Investigators hypothesize the following for our primary outcomes: (1) compared to care teams in the control group, care teams in the SMART-Wrap group will demonstrate (a) greater use of data and feedback in service delivery; (b) greater fidelity to the Wraparound process; (c) higher self-reported teamwork, working alliance, and satisfaction with the intervention; and (d) more positive attitudes toward standardized assessment; and (2) compared to the control group, caregivers of youth receiving services from care teams using SMART-Wrap will report (a) greater goal clarity; (b) greater use of MBC strategies; (c) greater satisfaction with services and progress; (d) better fidelity to Wraparound; (e) more effective team functioning; and (f) more positive outcomes, including reduced caregiver stress and improved symptoms and functioning.

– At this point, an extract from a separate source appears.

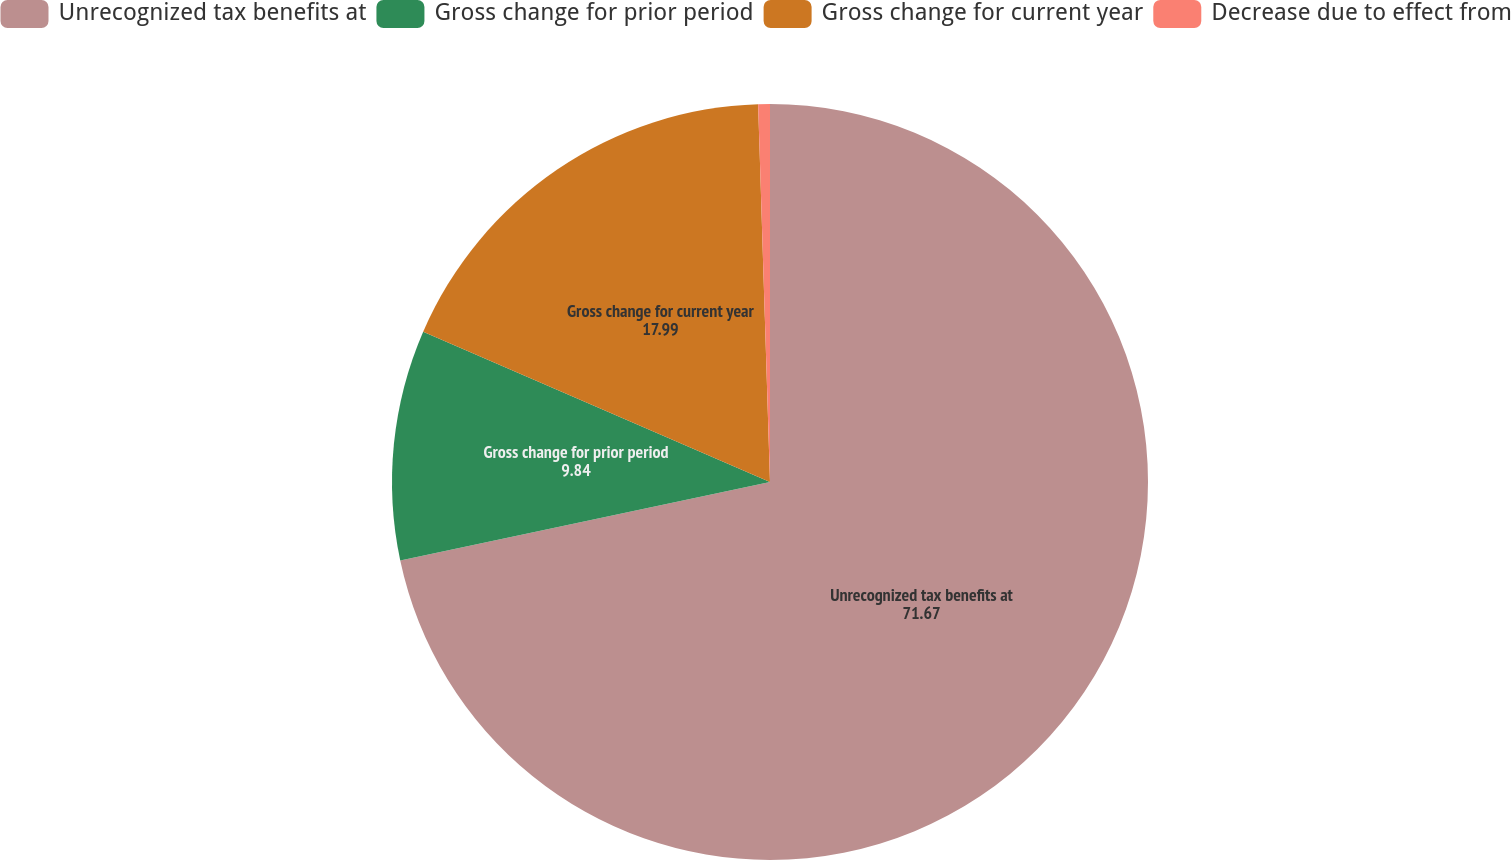<chart> <loc_0><loc_0><loc_500><loc_500><pie_chart><fcel>Unrecognized tax benefits at<fcel>Gross change for prior period<fcel>Gross change for current year<fcel>Decrease due to effect from<nl><fcel>71.67%<fcel>9.84%<fcel>17.99%<fcel>0.5%<nl></chart>

Our exploratory hypotheses focus on supervision to examine whether (1) supervisors randomized to SMART-Wrap report (a) a greater proportion of supervision time spent reviewing data on family progress and case conceptualization and strategies; (b) greater alliance with the care coordinator, and (c) greater perception of CC effectiveness. Investigators will also explore (2) the validity of SMART-Wrap measurement by asking whether domains assessed via SMART-Wrap in service delivery (e.g., alliance, progress, satisfaction, functioning) are associated with data collected by the external research team via interviews and surveys.

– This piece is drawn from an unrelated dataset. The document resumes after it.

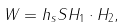<formula> <loc_0><loc_0><loc_500><loc_500>W = h _ { s } S H _ { 1 } \cdot H _ { 2 } ,</formula>

To evaluate differences on youth and CG outcomes (youth functioning on the Top Problem Assessment (TPA), youth symptoms on the Brief Problem Checklist (BPC), and caregiver strain on the Caregiver Strain Questionnaire (CSGQ), investigators will use a series of 3-level longitudinal hierarchical linear models (separate model per outcome variable) to compare differences in group rates of change and timepoint mean scores based on intervention condition. Investigators will also test for curvilinear time trends over five timepoints of data on the TPA.

To evaluate implementation outcomes, investigators will conduct the following analyses. A series of 2-level cross-sectional HLMs with families nested within CCs will be run to assess CG and CC Wraparound fidelity on the Wraparound Fidelity Index, Brief Version as a function of intervention condition. Separate 3-level longitudinal HLMs will be run to test for differences, as a function of intervention condition, on CC satisfaction on the Therapist Satisfaction Inventory, attitudes toward standardized assessment on the Attitudes Towards Standardized Assessment scale, and percentage of time during supervision meetings spent (1) reviewing data on family progress and on (2) case conceptualization and strategies on the Supervision Process Questionnaire (SPQ) (with levels for timepoint, CC, and supervisor on the SPQ). Longitudinal HLMs will be run exploring the rate of change on use of data/feedback and other MFS targets on the Monthly CC Report (MCR) and Monthly CG Report (MPR), and investigators will test for curvilinear trends over 5 months. Investigators will explore differences on CG and CC alliance on the Working Alliance Inventory, satisfaction, and attendance using HLMs. Dropout is binomial; thus, investigators will use Hierarchical Generalized Modeling, log-link function to estimate odds of dropout.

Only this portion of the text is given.